Создать идеальный, совокупный, типичный образ такого рода чрезвычайно трудно.
Природу этой трудности можно понять на примере частушки. Подлинную частушку, как правило, легко отличить от частушки-имитации, от частушки, сочиненной единолично даже талантливым, чутким к народной песне поэтом.
Народная частушка от момента своего случайного создания до конечной, алмазнограненой формы проходит длинный путь стихийной редактуры, и на этом полном приключений и превращений пути она в одно и то же время и обезличивается, и выправляется, обогащается, украшается коллективным народным миросознанием.
Редкому гению по плечу равняться с безупречными образцами народного искусства. К таким редким гениям принадлежал Пушкин. Передавая Киреевскому пачку записанных песен, он сказал: «Когда-нибудь от нечего делать разберите-ка, которые поет народ и которые смастерил я сам». И тончайший знаток народного творчества Киреевский не мог разрешить эту задачу.
По поводу самого Киреевского имеется замечательный отзыв исследователя: «Подавив в себе, так рано, последние остатки индивидуальности, он стал безличен, но вместе и удивительно целен, как воплощение народной стихии. Этой стихией были всецело пропитаны его чувства и его мысли. Он обладал, беспримерным чутьем народного, сильнее всего на свете любил русский народ и все, им созданное, истину и красоту понимал только в тех формах, какие придал им русский ум; и без сомнения, и чувствовал он и мыслил по-народному и даже в самом этом добровольном обезличении невольно следовал какому-то тайному закону русского национального духа».
Если бы не слово «безличен», этот отзыв подошел бы и к Бажову. Но Бажов, обладая тончайшим чутьем реальности, скрытой под покровом коллективной фантазии, был вовсе не безличен. Он был яркой и оригинальной личностью.

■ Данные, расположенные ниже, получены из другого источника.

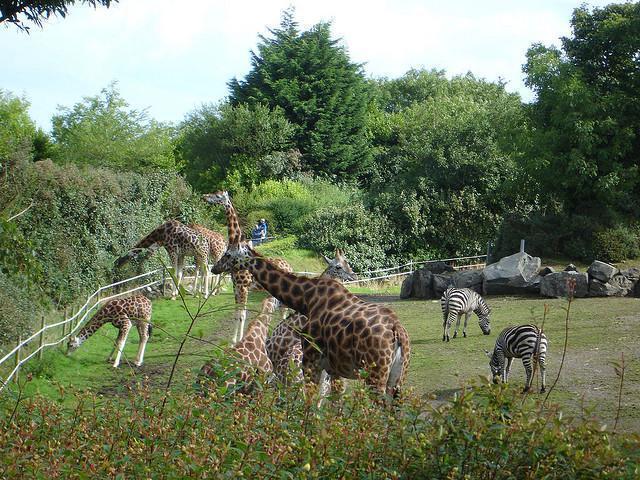How many different species of animals are grazing in the savannah?
From the following four choices, select the correct answer to address the question.
Options: Eight, two, one, seven. Two. 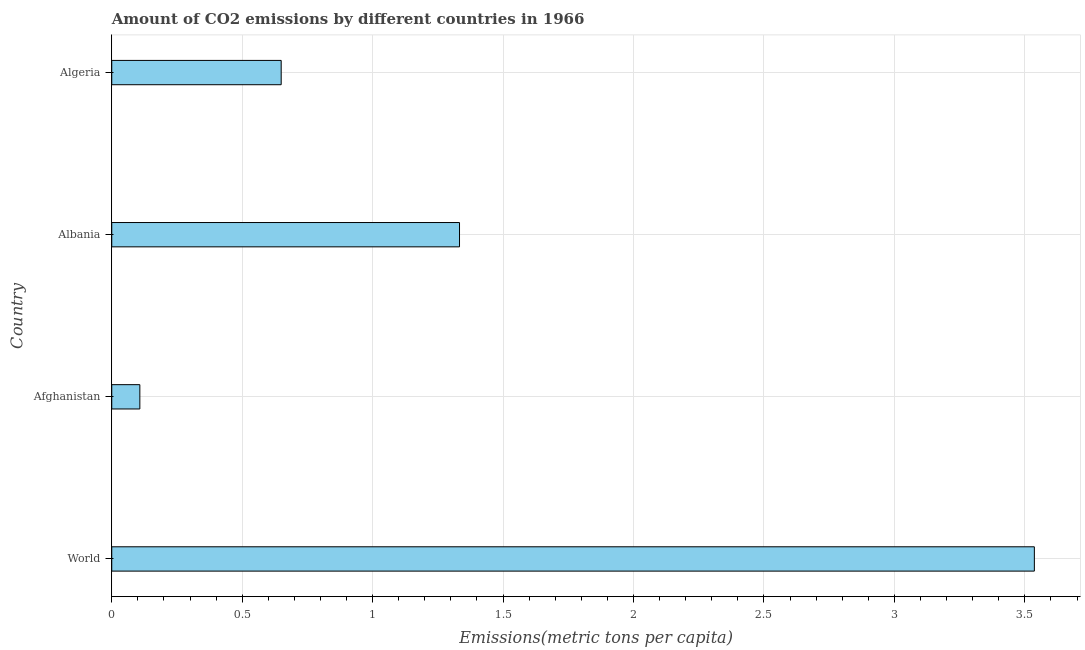Does the graph contain any zero values?
Your answer should be compact. No. Does the graph contain grids?
Your answer should be compact. Yes. What is the title of the graph?
Your response must be concise. Amount of CO2 emissions by different countries in 1966. What is the label or title of the X-axis?
Your answer should be very brief. Emissions(metric tons per capita). What is the label or title of the Y-axis?
Keep it short and to the point. Country. What is the amount of co2 emissions in Algeria?
Ensure brevity in your answer.  0.65. Across all countries, what is the maximum amount of co2 emissions?
Keep it short and to the point. 3.54. Across all countries, what is the minimum amount of co2 emissions?
Your answer should be compact. 0.11. In which country was the amount of co2 emissions minimum?
Offer a very short reply. Afghanistan. What is the sum of the amount of co2 emissions?
Your answer should be compact. 5.63. What is the difference between the amount of co2 emissions in Albania and Algeria?
Ensure brevity in your answer.  0.68. What is the average amount of co2 emissions per country?
Offer a very short reply. 1.41. What is the median amount of co2 emissions?
Your response must be concise. 0.99. In how many countries, is the amount of co2 emissions greater than 2.3 metric tons per capita?
Offer a very short reply. 1. What is the ratio of the amount of co2 emissions in Afghanistan to that in World?
Provide a short and direct response. 0.03. What is the difference between the highest and the second highest amount of co2 emissions?
Give a very brief answer. 2.2. What is the difference between the highest and the lowest amount of co2 emissions?
Provide a short and direct response. 3.43. How many bars are there?
Your response must be concise. 4. How many countries are there in the graph?
Give a very brief answer. 4. What is the difference between two consecutive major ticks on the X-axis?
Your answer should be compact. 0.5. Are the values on the major ticks of X-axis written in scientific E-notation?
Offer a terse response. No. What is the Emissions(metric tons per capita) of World?
Give a very brief answer. 3.54. What is the Emissions(metric tons per capita) of Afghanistan?
Make the answer very short. 0.11. What is the Emissions(metric tons per capita) of Albania?
Provide a short and direct response. 1.33. What is the Emissions(metric tons per capita) of Algeria?
Your response must be concise. 0.65. What is the difference between the Emissions(metric tons per capita) in World and Afghanistan?
Your answer should be very brief. 3.43. What is the difference between the Emissions(metric tons per capita) in World and Albania?
Offer a terse response. 2.2. What is the difference between the Emissions(metric tons per capita) in World and Algeria?
Your response must be concise. 2.89. What is the difference between the Emissions(metric tons per capita) in Afghanistan and Albania?
Give a very brief answer. -1.23. What is the difference between the Emissions(metric tons per capita) in Afghanistan and Algeria?
Your answer should be very brief. -0.54. What is the difference between the Emissions(metric tons per capita) in Albania and Algeria?
Keep it short and to the point. 0.68. What is the ratio of the Emissions(metric tons per capita) in World to that in Afghanistan?
Your answer should be compact. 32.84. What is the ratio of the Emissions(metric tons per capita) in World to that in Albania?
Offer a terse response. 2.65. What is the ratio of the Emissions(metric tons per capita) in World to that in Algeria?
Provide a short and direct response. 5.45. What is the ratio of the Emissions(metric tons per capita) in Afghanistan to that in Albania?
Keep it short and to the point. 0.08. What is the ratio of the Emissions(metric tons per capita) in Afghanistan to that in Algeria?
Your answer should be compact. 0.17. What is the ratio of the Emissions(metric tons per capita) in Albania to that in Algeria?
Offer a very short reply. 2.05.

Тем удивительней представляется его способность доносить народный эпос до читателя, не разбавляя его своей индивидуальностью. Удивительно, что Бажов сумел сделать уральский сказ явлением литературы, что он бережно донес бесплотный образ «первого лица» сказа до читателя.
Все зто удивительно потому, что писательская работа существенно отличается от творчества сказителя. Сказитель, как бы вольно он ни относился к материалу, как бы ни играл с сюжетом, как бы ни украшал его цветами своей фантазии, в конце концов пересказывает слышанное.
Писатель подбирается к сказу с другой стороны — через парадные врата художественной литературы. Ему приходится сообразовываться с господствующим стилем, осваивать бродяжную профессию фольклориста, изучать старину, рыться в архивах, заводить карточки редких слов и речений, словом, проводить кропотливую работу и литератора и исследователя.
В сказах Бажова мы встретились с рассказчиком особенным. Этот рассказчик — и не автор, и не главное действующее лицо, и не второстепенное. Этот рассказчик — аноним.
Аноним здесь следует понимать не в смысле загадочности, а наоборот — в смысле всеобщей, типической отчетливости характера, доведенной до такой степени сверхиндивидуальности, когда своеобразные черты кажутся случайными и ненужными.
Рассказчик в сказе, «первое лицо», выступает как анонимная типичность.
Анонимность рассказчика, дающею о себе знать лишь манерой разговорного языка, особым каноном изложения, и является, по-моему, главным признаком настоящего, чистого сказа, отличающим его от бесчисленного количества сочинений, написанных от первого лица.
Упоминать об этом приходится потому, что часто к сказу относят самые различные литературные произведения — лишь бы повествование напоминало устную речь. Так, к сказам по инерции отнесли и обыкновенный, не очень выразительный рассказ из той же «Малахитовой шкатулки», в котором дедушка Слышко плачется о своей горемычной жизни («Тяжелая витушка»).
Вряд ли надо добавлять, что образы анонимного рассказчика в сказе бывают самые различите — и величавый, былинный рассказчик Бажова так же своеобразен, как сюжеты его уральских сказов.
Примечания
1. "Первый очерк серии отделен от последнего расстоянием почти в тридцать лет, и между "Хорем и Калинычем" и "Стучит!" (1874) прошла почти вся литературная деятельность Тургенева" (Л. Гроссман, 1919). Привожу мнение маститого исследователя только для того, чтобы показать, насколько некоторые молодые ученые страшатся удалиться от первоисточника даже в словесном оформлении материала.